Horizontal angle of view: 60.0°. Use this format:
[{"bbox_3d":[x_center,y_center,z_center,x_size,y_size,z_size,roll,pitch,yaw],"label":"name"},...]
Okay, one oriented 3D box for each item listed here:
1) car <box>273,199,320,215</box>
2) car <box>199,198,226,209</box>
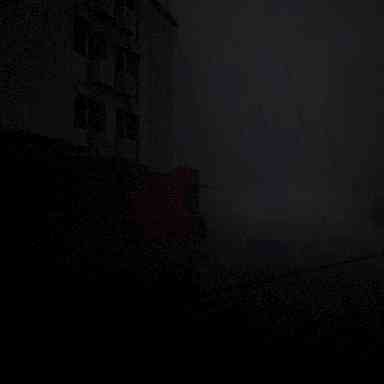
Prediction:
[{"bbox_3d":[10.655,1.477,34.296,1.882,1.535,5.008,0,0,-36],"label":"car"},{"bbox_3d":[2.379,1.547,45.893,2.033,1.411,5.357,0,0,-35],"label":"car"}]
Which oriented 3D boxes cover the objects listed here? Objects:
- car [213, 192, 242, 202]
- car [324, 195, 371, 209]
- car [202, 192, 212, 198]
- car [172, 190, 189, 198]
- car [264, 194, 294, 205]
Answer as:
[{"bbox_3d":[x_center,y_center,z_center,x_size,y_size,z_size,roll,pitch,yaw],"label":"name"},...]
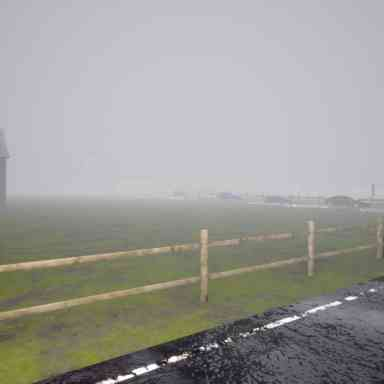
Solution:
[{"bbox_3d":[6.103,0.752,54.349,1.882,1.535,5.008,0,1,-35],"label":"car"},{"bbox_3d":[17.711,1.112,38.062,1.882,1.535,5.008,0,1,-35],"label":"car"},{"bbox_3d":[3.889,0.730,63.801,1.895,1.301,4.718,0,1,-36],"label":"car"},{"bbox_3d":[-2.497,0.439,72.587,1.837,1.490,4.892,0,1,-36],"label":"car"},{"bbox_3d":[11.996,1.020,46.096,1.994,1.385,4.181,0,1,-34],"label":"car"}]
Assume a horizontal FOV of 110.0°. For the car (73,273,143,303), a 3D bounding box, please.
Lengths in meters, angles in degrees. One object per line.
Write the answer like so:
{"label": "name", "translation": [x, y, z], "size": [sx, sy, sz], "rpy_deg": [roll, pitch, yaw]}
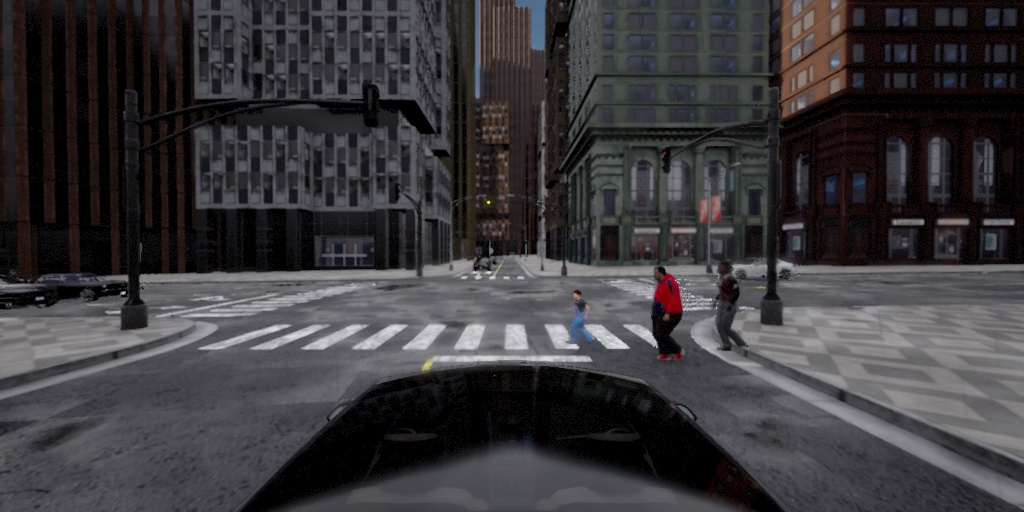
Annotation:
{"label": "car", "translation": [-20.680, 1.475, 17.040], "size": [4.718, 1.301, 1.895], "rpy_deg": [-1, 1, 0]}

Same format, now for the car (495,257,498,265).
{"label": "car", "translation": [-3.353, 0.688, 57.393], "size": [1.837, 1.490, 4.892], "rpy_deg": [0, 0, 0]}

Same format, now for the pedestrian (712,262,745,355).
{"label": "pedestrian", "translation": [4.303, 0.990, 7.188], "size": [0.375, 1.860, 0.375], "rpy_deg": [0, 1, 0]}

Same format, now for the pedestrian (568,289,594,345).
{"label": "pedestrian", "translation": [1.494, 1.267, 7.784], "size": [0.375, 1.300, 0.375], "rpy_deg": [0, 1, 0]}

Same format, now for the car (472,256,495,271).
{"label": "car", "translation": [-3.240, 0.882, 39.596], "size": [1.837, 1.490, 4.892], "rpy_deg": [0, 0, 0]}

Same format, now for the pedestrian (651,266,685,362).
{"label": "pedestrian", "translation": [2.846, 0.998, 6.587], "size": [0.375, 1.860, 0.375], "rpy_deg": [0, 1, 0]}

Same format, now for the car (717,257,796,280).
{"label": "car", "translation": [16.197, 0.810, 23.823], "size": [4.674, 1.442, 1.812], "rpy_deg": [-1, 1, 0]}

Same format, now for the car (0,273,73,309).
{"label": "car", "translation": [-20.664, 1.398, 13.789], "size": [5.008, 1.535, 1.882], "rpy_deg": [-1, 1, 0]}
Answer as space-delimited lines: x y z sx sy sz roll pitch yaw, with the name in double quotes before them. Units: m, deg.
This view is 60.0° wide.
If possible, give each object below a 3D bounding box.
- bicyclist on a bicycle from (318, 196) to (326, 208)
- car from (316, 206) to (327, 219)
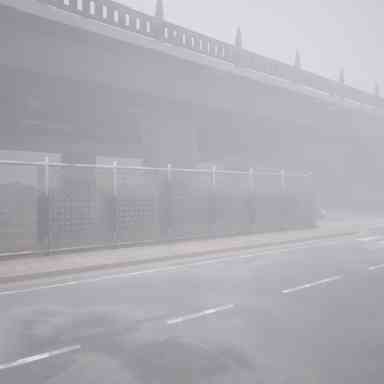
"bicyclist on a bicycle" 16.684 1.301 42.717 1.656 1.620 0.582 0 0 -36
"car" 9.102 1.491 28.521 2.128 1.511 4.902 0 0 -36
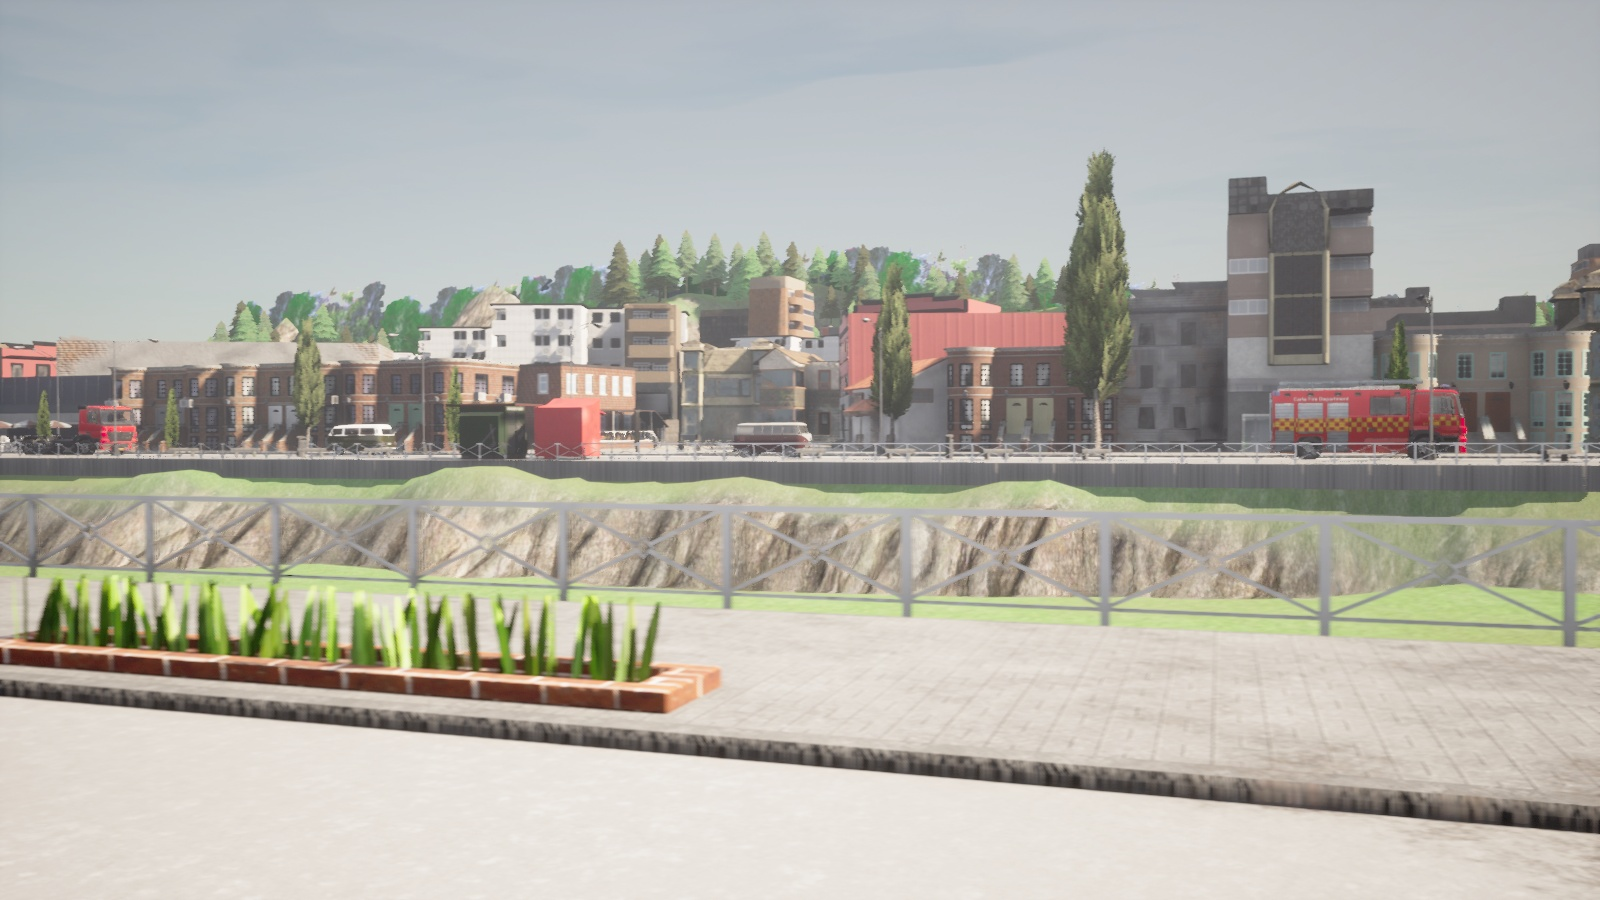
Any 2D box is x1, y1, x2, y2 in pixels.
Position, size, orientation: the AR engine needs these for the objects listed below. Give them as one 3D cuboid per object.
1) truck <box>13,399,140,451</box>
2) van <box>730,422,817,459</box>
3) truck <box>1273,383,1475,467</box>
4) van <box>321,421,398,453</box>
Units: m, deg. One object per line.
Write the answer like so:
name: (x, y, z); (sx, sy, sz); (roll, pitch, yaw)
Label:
________________
**What this task involves**. Start with the line holding "- car from (316, 206) to (327, 219)" and repeat exactly every line through the final line of the records above, but no pictures and nothing more.

**Written solution**.
- car from (316, 206) to (327, 219)
"bicyclist on a bicycle" 16.684 1.301 42.717 1.656 1.620 0.582 0 0 -36
"car" 9.102 1.491 28.521 2.128 1.511 4.902 0 0 -36
Any 2D box is x1, y1, x2, y2 in pixels.
Position, size, orientation: the AR engine needs these for the objects listed below. Give them as one 3D cuboid per object.
1) truck <box>13,399,140,451</box>
2) van <box>730,422,817,459</box>
3) truck <box>1273,383,1475,467</box>
4) van <box>321,421,398,453</box>
Units: m, deg. One object per line.
Write the answer like so:
name: (x, y, z); (sx, sy, sz); (roll, pitch, yaw)
Label:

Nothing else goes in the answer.